━━ Data for analysis

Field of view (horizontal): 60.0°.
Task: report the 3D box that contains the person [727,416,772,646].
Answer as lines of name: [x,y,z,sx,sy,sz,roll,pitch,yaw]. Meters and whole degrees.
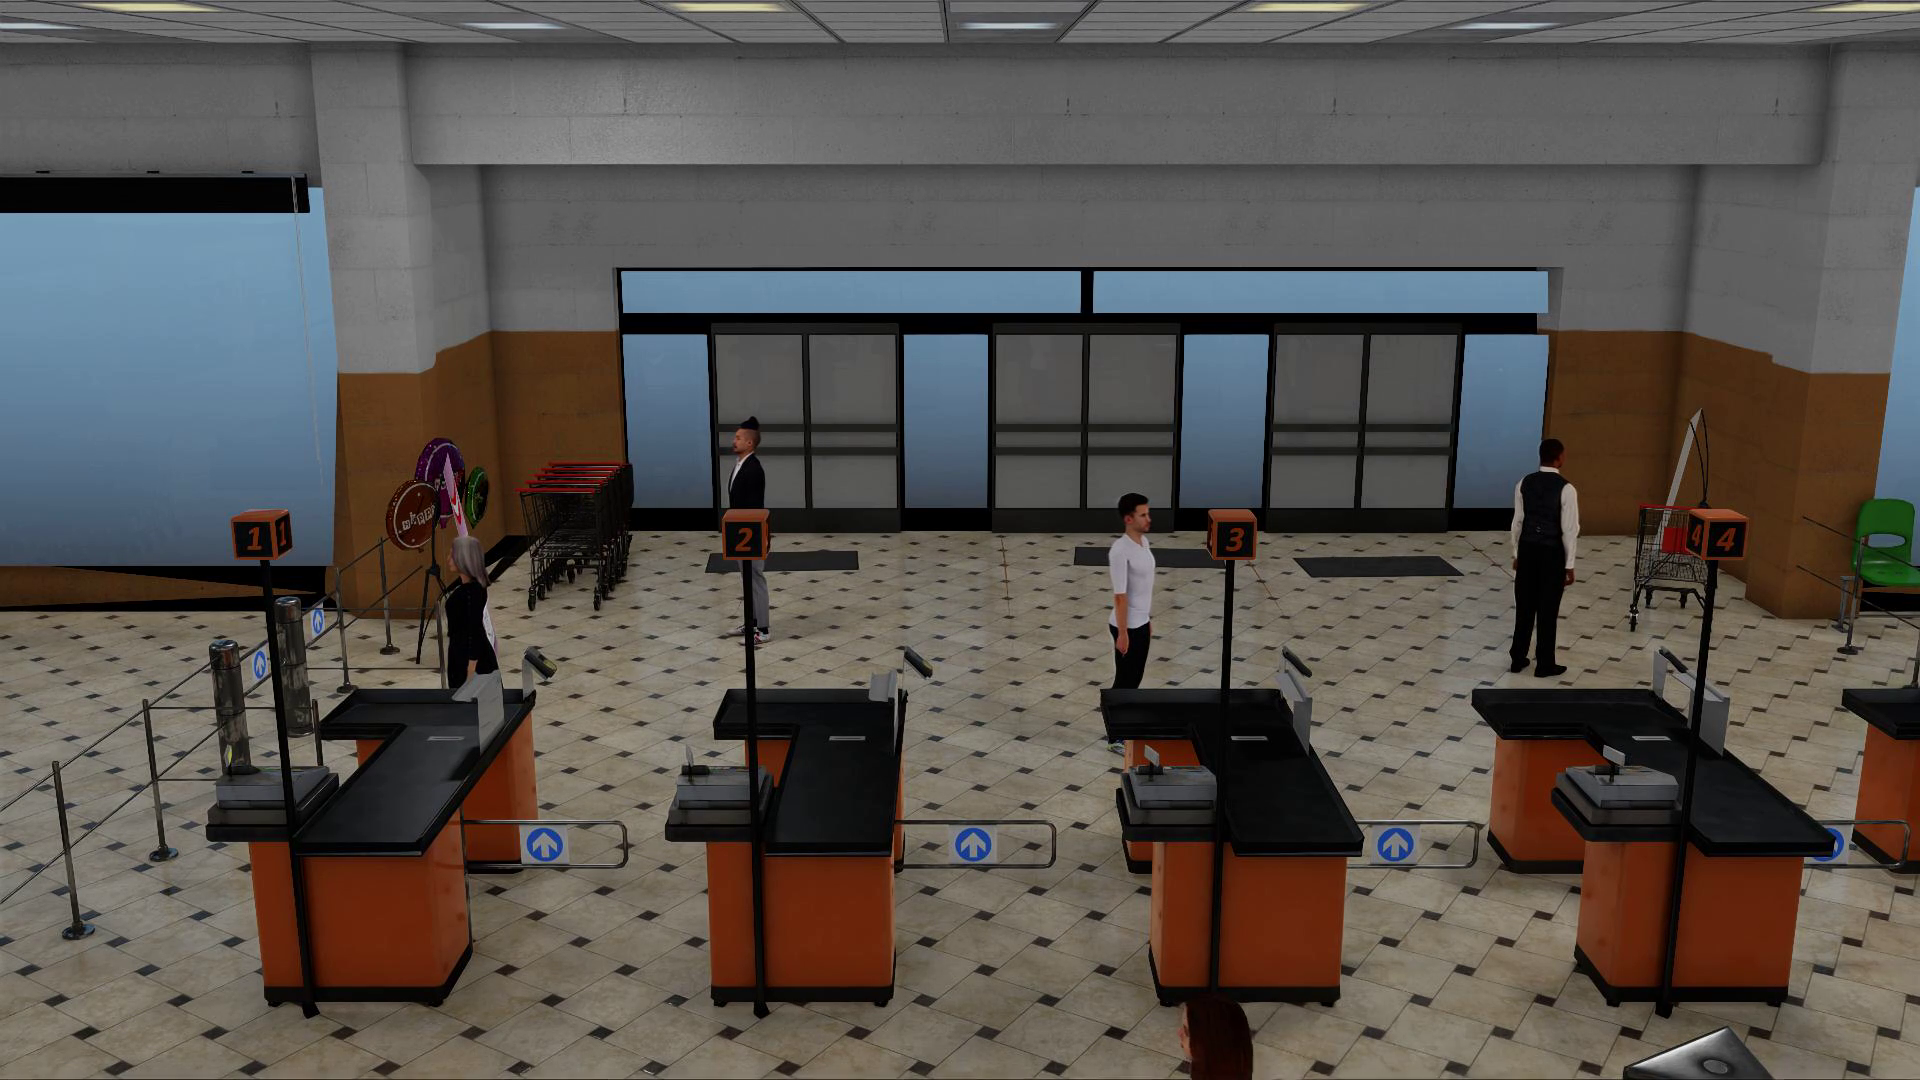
person: [-1.785,-0.090,14.177,0.846,1.949,0.688,-6,15,-22]

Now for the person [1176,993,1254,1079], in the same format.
person: [0.846,2.203,5.206,0.750,1.721,0.659,5,14,18]

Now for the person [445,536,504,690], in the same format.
person: [-3.185,0.819,10.858,0.744,1.747,0.628,-6,15,-22]

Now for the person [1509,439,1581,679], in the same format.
person: [4.661,0.133,13.322,0.830,1.919,0.765,-13,19,-42]

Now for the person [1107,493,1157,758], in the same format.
person: [1.196,0.575,11.644,0.812,1.851,0.665,7,15,26]
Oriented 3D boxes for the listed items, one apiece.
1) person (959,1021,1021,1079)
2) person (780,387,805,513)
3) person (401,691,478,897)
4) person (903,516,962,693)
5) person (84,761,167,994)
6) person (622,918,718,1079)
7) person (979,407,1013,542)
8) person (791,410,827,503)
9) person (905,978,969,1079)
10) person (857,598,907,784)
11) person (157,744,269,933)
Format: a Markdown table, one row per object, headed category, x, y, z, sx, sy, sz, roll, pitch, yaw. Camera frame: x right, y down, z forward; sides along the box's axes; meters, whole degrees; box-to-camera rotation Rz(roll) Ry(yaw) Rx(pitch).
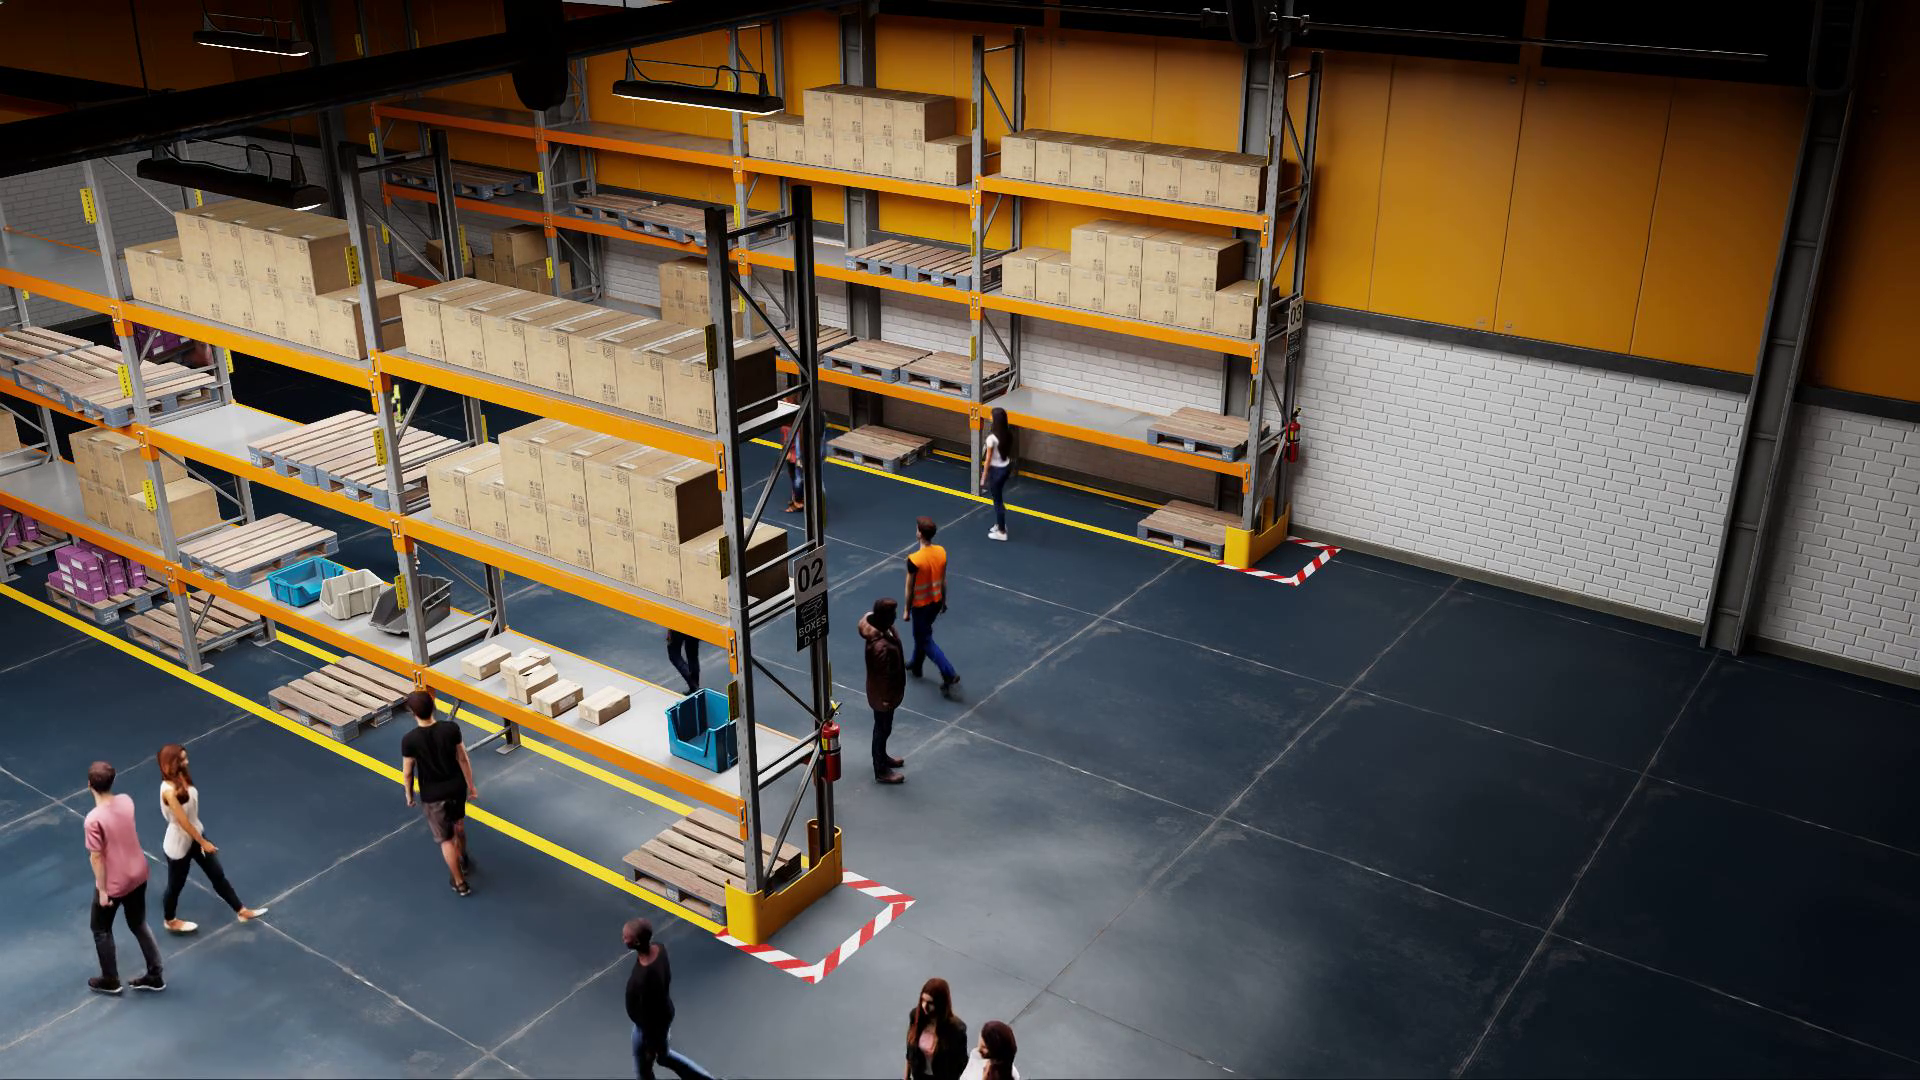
| category | x | y | z | sx | sy | sz | roll | pitch | yaw |
| --- | --- | --- | --- | --- | --- | --- | --- | --- | --- |
| person | 0.258 | 3.709 | 10.430 | 0.931 | 1.751 | 1.038 | -14 | 27 | -29 |
| person | -2.181 | -1.189 | 21.699 | 0.726 | 1.701 | 0.706 | 1 | 24 | 2 |
| person | -4.283 | 2.155 | 13.880 | 0.843 | 1.835 | 0.951 | -15 | 28 | -30 |
| person | -0.302 | 0.694 | 17.198 | 1.188 | 1.856 | 0.806 | 21 | 31 | 39 |
| person | -6.330 | 2.612 | 12.720 | 0.942 | 1.928 | 0.842 | 4 | 24 | 9 |
| person | -2.008 | 3.309 | 11.376 | 1.071 | 1.728 | 0.902 | 2 | 24 | 4 |
| person | 0.557 | -0.802 | 20.730 | 0.541 | 1.768 | 0.621 | 15 | 28 | 30 |
| person | -1.865 | -1.036 | 21.375 | 0.981 | 1.680 | 1.181 | -11 | 26 | -24 |
| person | -0.095 | 3.533 | 10.919 | 1.042 | 1.683 | 0.718 | 18 | 29 | 35 |
| person | -0.719 | 1.383 | 15.634 | 0.904 | 1.846 | 0.879 | 0 | 24 | 0 |
| person | -6.313 | 2.447 | 13.330 | 1.125 | 1.742 | 0.967 | 0 | 24 | -1 |
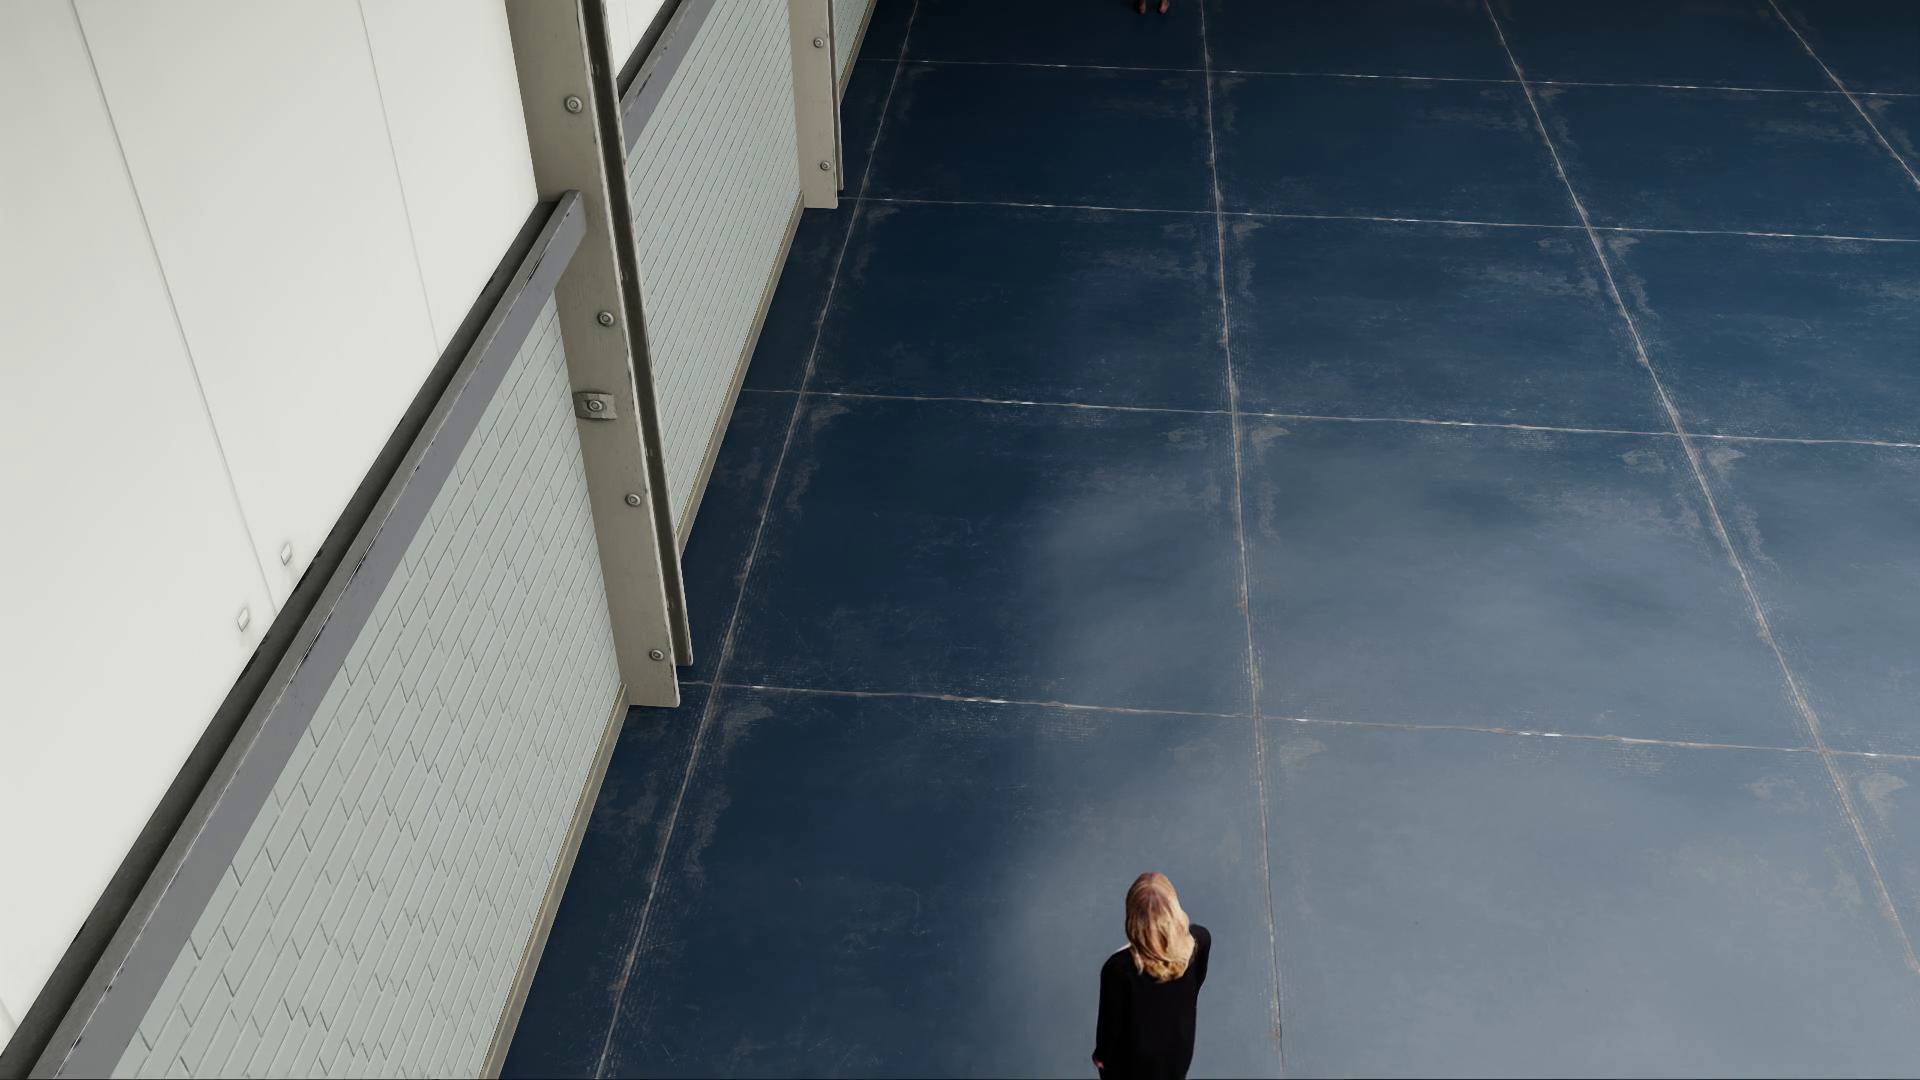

━━━━

**Your task:** Write out the entries above in full and exactly; no pictures.

**Answer space:**
Field of view (horizontal): 60.0°.
Task: report the 3D box that contains the person [727,416,772,646].
Answer as lines of name: [x,y,z,sx,sy,sz,roll,pitch,yaw]. Meters and whole degrees.
person: [-1.785,-0.090,14.177,0.846,1.949,0.688,-6,15,-22]

Now for the person [1176,993,1254,1079], in the same format.
person: [0.846,2.203,5.206,0.750,1.721,0.659,5,14,18]

Now for the person [445,536,504,690], in the same format.
person: [-3.185,0.819,10.858,0.744,1.747,0.628,-6,15,-22]

Now for the person [1509,439,1581,679], in the same format.
person: [4.661,0.133,13.322,0.830,1.919,0.765,-13,19,-42]

Now for the person [1107,493,1157,758], in the same format.
person: [1.196,0.575,11.644,0.812,1.851,0.665,7,15,26]
Oriented 3D boxes for the listed items, one apiece.
1) person (959,1021,1021,1079)
2) person (780,387,805,513)
3) person (401,691,478,897)
4) person (903,516,962,693)
5) person (84,761,167,994)
6) person (622,918,718,1079)
7) person (979,407,1013,542)
8) person (791,410,827,503)
9) person (905,978,969,1079)
10) person (857,598,907,784)
11) person (157,744,269,933)
Format: a Markdown table, one row per object, headed category, x, y, z, sx, sy, sz, roll, pitch, yaw. Camera frame: x right, y down, z forward; sides along the box's axes; meters, whole degrees; box-to-camera rotation Rz(roll) Ry(yaw) Rx(pitch).
| category | x | y | z | sx | sy | sz | roll | pitch | yaw |
| --- | --- | --- | --- | --- | --- | --- | --- | --- | --- |
| person | 0.258 | 3.709 | 10.430 | 0.931 | 1.751 | 1.038 | -14 | 27 | -29 |
| person | -2.181 | -1.189 | 21.699 | 0.726 | 1.701 | 0.706 | 1 | 24 | 2 |
| person | -4.283 | 2.155 | 13.880 | 0.843 | 1.835 | 0.951 | -15 | 28 | -30 |
| person | -0.302 | 0.694 | 17.198 | 1.188 | 1.856 | 0.806 | 21 | 31 | 39 |
| person | -6.330 | 2.612 | 12.720 | 0.942 | 1.928 | 0.842 | 4 | 24 | 9 |
| person | -2.008 | 3.309 | 11.376 | 1.071 | 1.728 | 0.902 | 2 | 24 | 4 |
| person | 0.557 | -0.802 | 20.730 | 0.541 | 1.768 | 0.621 | 15 | 28 | 30 |
| person | -1.865 | -1.036 | 21.375 | 0.981 | 1.680 | 1.181 | -11 | 26 | -24 |
| person | -0.095 | 3.533 | 10.919 | 1.042 | 1.683 | 0.718 | 18 | 29 | 35 |
| person | -0.719 | 1.383 | 15.634 | 0.904 | 1.846 | 0.879 | 0 | 24 | 0 |
| person | -6.313 | 2.447 | 13.330 | 1.125 | 1.742 | 0.967 | 0 | 24 | -1 |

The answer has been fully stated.